• YOUR TASK: The expected answer is the set of lines in the data below between the line holding "- round machined part [85,169,169,255]" and the line holding "- metal tray from (164, 199) to (271, 255)", inclusive, written out exactly.
#####
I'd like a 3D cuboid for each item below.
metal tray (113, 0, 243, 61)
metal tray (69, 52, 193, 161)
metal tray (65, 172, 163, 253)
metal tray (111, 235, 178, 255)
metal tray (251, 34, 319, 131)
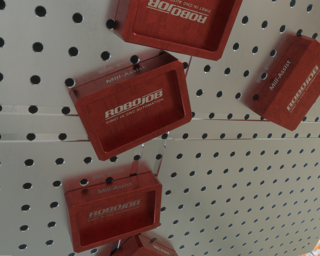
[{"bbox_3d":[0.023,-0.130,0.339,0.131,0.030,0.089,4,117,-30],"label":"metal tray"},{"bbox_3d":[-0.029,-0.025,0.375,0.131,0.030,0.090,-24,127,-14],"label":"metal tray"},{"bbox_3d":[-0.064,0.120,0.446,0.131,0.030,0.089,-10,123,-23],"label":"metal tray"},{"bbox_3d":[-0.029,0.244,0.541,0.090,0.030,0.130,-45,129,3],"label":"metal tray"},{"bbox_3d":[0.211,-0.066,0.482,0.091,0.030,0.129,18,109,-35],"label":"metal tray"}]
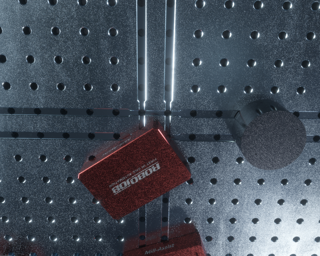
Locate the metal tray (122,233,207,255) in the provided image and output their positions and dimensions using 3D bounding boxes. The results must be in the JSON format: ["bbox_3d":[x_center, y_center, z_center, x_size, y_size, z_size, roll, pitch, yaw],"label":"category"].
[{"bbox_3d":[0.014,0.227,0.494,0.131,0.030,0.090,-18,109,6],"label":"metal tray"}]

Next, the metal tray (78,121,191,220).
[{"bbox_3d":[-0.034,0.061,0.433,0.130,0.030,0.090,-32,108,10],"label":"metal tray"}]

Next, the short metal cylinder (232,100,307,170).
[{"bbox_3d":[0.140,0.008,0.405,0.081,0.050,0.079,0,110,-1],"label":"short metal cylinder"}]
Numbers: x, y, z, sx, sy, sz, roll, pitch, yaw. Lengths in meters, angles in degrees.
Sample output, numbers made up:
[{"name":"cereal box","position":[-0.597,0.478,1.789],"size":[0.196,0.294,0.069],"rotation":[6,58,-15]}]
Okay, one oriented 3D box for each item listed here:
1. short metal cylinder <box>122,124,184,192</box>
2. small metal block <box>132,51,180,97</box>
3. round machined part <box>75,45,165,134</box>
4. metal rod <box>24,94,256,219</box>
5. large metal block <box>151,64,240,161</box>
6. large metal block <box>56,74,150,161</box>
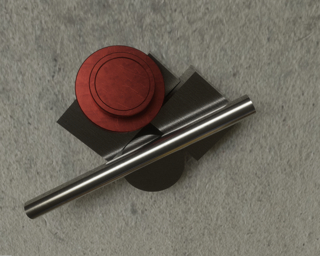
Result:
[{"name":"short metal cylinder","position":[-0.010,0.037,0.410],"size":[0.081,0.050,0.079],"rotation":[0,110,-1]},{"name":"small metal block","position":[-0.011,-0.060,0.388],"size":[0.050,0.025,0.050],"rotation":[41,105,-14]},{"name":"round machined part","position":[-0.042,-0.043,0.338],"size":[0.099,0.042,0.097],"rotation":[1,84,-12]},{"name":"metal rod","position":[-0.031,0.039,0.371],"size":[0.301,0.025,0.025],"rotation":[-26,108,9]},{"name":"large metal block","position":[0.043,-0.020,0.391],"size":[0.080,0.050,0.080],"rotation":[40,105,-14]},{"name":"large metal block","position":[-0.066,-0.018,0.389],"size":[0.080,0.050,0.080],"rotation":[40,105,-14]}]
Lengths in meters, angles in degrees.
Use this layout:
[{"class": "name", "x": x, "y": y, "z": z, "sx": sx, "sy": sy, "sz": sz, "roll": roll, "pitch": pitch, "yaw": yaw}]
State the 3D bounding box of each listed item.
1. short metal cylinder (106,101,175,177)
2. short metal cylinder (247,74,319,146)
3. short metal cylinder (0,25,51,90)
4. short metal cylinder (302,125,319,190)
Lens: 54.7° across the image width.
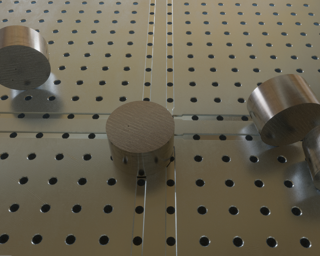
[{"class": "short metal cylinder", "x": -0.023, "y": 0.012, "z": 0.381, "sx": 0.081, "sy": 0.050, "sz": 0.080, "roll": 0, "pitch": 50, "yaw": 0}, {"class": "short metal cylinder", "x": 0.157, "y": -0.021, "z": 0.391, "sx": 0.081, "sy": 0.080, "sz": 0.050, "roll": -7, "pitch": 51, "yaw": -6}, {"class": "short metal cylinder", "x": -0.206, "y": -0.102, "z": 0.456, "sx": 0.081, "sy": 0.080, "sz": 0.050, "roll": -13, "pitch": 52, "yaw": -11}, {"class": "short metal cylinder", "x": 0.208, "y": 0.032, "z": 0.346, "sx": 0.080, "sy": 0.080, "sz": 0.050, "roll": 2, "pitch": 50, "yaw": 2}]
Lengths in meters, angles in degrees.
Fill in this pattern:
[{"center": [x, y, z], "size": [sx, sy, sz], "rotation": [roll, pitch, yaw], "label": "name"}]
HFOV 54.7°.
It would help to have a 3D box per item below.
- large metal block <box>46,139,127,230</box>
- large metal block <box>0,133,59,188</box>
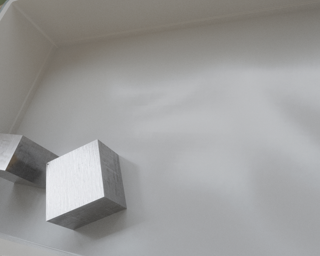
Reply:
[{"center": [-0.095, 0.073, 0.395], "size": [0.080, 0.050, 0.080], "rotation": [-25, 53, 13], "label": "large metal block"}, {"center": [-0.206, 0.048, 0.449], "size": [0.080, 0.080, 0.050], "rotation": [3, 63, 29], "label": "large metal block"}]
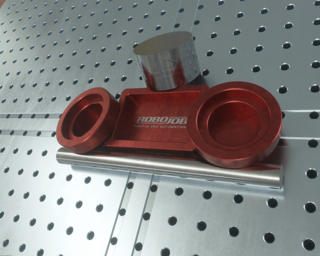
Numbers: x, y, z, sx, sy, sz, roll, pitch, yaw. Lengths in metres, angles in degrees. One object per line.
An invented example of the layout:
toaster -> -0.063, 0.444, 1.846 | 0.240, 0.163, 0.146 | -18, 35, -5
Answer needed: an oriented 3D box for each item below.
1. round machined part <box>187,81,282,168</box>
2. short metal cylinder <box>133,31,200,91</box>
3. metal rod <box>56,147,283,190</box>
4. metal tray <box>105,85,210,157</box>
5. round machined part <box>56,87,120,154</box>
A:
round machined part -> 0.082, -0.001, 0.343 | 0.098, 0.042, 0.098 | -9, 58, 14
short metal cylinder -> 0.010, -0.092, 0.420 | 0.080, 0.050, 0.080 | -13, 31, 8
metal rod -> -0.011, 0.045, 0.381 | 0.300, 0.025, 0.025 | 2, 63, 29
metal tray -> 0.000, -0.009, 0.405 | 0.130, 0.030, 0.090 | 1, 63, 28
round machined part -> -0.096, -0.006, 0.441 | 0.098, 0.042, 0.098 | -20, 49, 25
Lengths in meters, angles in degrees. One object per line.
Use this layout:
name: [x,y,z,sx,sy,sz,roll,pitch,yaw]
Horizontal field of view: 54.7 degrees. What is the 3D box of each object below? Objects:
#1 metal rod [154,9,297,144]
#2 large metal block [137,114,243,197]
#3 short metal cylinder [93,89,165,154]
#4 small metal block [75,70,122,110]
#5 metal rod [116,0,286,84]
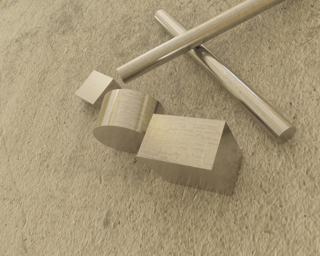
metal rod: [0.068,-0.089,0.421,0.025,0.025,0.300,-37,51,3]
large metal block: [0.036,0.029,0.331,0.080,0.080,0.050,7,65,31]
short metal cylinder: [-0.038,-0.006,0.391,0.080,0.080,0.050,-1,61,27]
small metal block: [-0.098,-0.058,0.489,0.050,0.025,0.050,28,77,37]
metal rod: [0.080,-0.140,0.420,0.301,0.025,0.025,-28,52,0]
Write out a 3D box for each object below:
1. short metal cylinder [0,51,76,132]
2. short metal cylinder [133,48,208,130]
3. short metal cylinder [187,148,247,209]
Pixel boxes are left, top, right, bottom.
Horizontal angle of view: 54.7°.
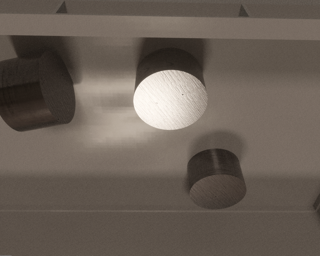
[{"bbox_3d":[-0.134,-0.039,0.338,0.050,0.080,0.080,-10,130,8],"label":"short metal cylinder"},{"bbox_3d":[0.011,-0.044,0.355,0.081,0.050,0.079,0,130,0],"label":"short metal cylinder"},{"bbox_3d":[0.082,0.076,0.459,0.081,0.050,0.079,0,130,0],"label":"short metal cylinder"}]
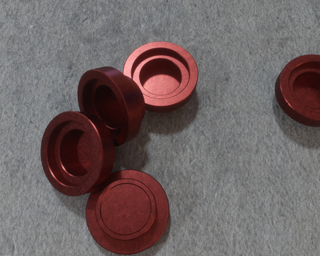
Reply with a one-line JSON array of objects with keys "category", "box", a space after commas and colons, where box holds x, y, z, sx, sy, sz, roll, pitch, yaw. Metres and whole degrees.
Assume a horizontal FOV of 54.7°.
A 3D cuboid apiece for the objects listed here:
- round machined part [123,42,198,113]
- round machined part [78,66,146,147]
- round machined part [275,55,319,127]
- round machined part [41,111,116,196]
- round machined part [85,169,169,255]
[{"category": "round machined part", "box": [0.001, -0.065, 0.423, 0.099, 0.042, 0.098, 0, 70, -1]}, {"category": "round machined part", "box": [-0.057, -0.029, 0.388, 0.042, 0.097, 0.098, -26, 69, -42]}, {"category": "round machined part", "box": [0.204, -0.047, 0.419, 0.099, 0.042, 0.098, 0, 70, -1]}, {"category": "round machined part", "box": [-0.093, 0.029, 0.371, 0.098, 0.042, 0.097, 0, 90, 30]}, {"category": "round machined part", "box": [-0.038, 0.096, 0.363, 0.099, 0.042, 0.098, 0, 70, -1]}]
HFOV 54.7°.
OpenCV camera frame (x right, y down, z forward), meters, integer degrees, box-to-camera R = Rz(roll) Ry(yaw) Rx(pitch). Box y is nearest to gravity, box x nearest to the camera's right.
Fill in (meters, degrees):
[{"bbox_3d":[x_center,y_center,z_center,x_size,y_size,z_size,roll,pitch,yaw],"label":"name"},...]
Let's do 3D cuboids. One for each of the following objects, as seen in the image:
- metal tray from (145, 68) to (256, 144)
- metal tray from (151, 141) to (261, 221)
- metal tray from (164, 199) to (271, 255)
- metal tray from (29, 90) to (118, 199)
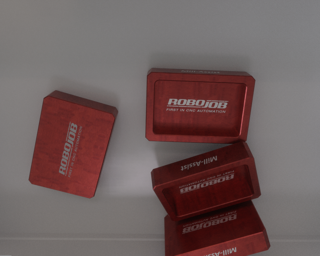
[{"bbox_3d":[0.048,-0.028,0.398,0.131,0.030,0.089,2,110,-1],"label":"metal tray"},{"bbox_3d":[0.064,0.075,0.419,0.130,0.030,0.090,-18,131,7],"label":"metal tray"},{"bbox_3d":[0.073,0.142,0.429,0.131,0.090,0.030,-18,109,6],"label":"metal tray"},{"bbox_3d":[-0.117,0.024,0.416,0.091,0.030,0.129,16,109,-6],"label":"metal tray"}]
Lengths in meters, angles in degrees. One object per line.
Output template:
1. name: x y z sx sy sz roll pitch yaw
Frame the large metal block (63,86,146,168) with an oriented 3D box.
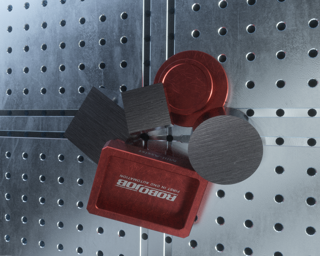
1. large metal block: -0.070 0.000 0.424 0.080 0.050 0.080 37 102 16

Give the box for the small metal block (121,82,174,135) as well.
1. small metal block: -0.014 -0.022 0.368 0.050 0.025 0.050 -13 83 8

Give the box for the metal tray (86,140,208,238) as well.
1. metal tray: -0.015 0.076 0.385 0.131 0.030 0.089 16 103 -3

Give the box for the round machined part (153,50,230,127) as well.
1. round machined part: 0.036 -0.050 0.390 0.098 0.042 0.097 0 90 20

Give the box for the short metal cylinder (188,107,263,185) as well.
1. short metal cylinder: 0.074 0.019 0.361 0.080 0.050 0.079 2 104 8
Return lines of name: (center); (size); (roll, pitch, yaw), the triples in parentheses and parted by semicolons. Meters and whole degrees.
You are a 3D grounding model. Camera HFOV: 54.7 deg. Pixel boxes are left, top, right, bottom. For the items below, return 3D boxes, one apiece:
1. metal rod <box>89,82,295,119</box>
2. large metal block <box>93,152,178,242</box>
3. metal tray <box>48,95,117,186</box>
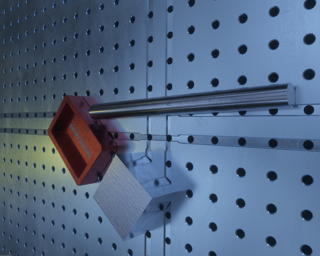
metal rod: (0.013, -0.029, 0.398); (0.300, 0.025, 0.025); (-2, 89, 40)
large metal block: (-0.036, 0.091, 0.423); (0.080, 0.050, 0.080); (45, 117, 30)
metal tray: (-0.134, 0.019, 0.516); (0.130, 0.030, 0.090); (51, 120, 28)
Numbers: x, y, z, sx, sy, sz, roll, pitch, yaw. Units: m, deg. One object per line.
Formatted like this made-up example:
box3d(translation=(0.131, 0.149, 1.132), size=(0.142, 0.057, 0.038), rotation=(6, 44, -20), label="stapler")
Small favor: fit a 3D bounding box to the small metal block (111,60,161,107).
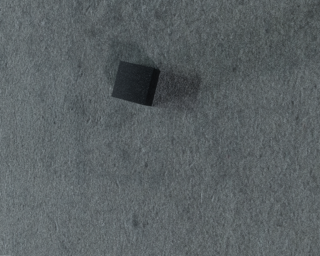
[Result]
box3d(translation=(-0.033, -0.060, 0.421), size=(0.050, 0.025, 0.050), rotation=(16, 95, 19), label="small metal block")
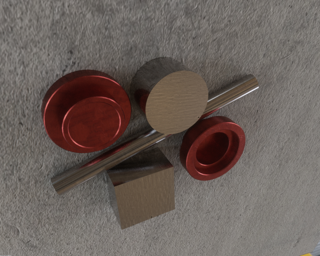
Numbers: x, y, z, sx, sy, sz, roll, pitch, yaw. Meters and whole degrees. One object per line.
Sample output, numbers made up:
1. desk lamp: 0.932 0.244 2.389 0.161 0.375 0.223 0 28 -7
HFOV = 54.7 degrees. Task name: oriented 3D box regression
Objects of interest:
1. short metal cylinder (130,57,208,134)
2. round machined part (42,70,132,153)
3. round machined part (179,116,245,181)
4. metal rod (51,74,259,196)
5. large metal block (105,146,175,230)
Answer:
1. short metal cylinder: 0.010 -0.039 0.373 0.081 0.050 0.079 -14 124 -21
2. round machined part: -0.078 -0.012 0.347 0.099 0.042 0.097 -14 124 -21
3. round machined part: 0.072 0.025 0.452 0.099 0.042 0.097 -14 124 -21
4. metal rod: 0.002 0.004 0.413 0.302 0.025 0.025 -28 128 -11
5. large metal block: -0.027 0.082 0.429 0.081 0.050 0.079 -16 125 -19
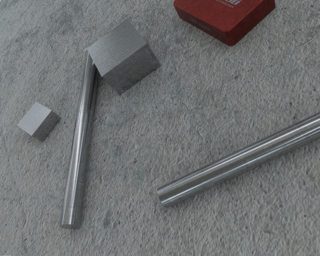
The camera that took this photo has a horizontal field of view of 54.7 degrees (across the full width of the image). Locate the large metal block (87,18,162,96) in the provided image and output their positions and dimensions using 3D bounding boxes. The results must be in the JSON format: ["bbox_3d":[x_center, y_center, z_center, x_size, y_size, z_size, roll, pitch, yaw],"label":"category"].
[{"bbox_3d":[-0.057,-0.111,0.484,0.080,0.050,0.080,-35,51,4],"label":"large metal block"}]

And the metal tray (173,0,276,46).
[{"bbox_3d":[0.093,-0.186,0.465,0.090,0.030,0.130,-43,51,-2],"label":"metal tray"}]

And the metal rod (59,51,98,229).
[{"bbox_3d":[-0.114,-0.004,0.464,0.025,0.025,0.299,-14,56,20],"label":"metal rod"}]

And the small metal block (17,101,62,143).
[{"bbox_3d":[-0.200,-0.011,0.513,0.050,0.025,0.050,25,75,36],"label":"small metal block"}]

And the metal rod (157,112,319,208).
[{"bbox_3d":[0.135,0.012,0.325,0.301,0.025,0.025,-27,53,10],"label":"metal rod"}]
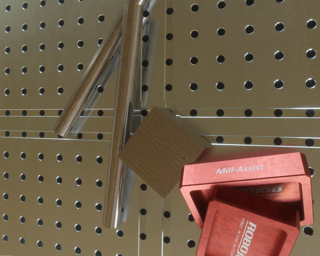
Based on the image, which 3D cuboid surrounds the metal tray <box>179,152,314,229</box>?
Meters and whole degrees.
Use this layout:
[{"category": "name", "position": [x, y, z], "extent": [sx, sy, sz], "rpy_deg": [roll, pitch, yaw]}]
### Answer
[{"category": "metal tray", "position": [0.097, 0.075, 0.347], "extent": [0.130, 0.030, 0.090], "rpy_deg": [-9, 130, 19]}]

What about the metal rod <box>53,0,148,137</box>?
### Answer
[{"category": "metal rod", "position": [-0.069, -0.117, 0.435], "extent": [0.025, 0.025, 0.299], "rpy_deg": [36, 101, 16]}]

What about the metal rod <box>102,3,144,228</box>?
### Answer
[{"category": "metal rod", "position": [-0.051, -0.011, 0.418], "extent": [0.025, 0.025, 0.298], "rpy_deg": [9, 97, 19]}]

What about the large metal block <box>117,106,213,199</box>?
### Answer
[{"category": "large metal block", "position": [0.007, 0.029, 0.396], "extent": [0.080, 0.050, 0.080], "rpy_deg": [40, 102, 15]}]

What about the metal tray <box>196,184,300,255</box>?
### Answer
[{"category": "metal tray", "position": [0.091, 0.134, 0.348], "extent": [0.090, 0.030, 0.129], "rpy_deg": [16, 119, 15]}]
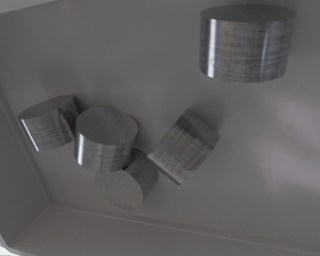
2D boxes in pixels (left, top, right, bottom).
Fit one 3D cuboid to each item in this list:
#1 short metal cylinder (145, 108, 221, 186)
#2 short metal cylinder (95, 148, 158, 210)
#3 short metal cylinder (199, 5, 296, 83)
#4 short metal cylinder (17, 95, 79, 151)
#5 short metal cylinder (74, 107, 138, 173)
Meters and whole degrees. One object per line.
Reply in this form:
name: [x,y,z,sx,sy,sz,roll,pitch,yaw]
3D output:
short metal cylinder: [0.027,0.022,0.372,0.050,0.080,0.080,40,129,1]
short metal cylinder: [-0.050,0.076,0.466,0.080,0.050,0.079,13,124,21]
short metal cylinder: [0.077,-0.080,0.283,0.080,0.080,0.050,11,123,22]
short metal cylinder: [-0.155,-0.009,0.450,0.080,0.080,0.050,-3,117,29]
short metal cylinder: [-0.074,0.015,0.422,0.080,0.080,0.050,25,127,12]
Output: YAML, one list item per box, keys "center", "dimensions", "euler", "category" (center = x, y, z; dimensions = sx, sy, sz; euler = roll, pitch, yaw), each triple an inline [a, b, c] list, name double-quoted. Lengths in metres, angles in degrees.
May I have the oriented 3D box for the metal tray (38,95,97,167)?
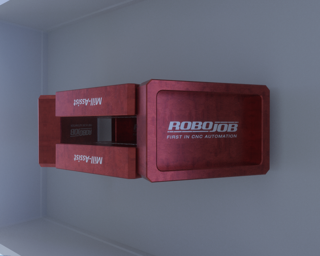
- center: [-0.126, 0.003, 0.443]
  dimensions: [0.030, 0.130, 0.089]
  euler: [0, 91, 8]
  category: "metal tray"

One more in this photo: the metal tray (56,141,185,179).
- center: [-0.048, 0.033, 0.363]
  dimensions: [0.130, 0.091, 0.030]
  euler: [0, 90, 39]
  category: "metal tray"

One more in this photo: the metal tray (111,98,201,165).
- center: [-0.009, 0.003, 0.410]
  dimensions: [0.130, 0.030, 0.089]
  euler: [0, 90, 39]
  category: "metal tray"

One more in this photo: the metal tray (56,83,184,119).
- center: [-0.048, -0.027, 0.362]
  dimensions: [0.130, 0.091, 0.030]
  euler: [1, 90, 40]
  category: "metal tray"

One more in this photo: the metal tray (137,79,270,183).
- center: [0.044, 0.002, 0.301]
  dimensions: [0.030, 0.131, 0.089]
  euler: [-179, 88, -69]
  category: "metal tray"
#####
• EXERCISE SOLUTION:
- round machined part [85,169,169,255]
[{"category": "round machined part", "box": [0.001, -0.065, 0.423, 0.099, 0.042, 0.098, 0, 70, -1]}, {"category": "round machined part", "box": [-0.057, -0.029, 0.388, 0.042, 0.097, 0.098, -26, 69, -42]}, {"category": "round machined part", "box": [0.204, -0.047, 0.419, 0.099, 0.042, 0.098, 0, 70, -1]}, {"category": "round machined part", "box": [-0.093, 0.029, 0.371, 0.098, 0.042, 0.097, 0, 90, 30]}, {"category": "round machined part", "box": [-0.038, 0.096, 0.363, 0.099, 0.042, 0.098, 0, 70, -1]}]
HFOV 54.7°.
OpenCV camera frame (x right, y down, z forward), meters, integer degrees, box-to-camera R = Rz(roll) Ry(yaw) Rx(pitch). Box y is nearest to gravity, box x nearest to the camera's right.
Fill in (meters, degrees):
[{"bbox_3d":[x_center,y_center,z_center,x_size,y_size,z_size,roll,pitch,yaw],"label":"name"},...]
Let's do 3D cuboids. One for each of the following objects, as seen in the image:
- metal tray from (145, 68) to (256, 144)
- metal tray from (151, 141) to (261, 221)
- metal tray from (164, 199) to (271, 255)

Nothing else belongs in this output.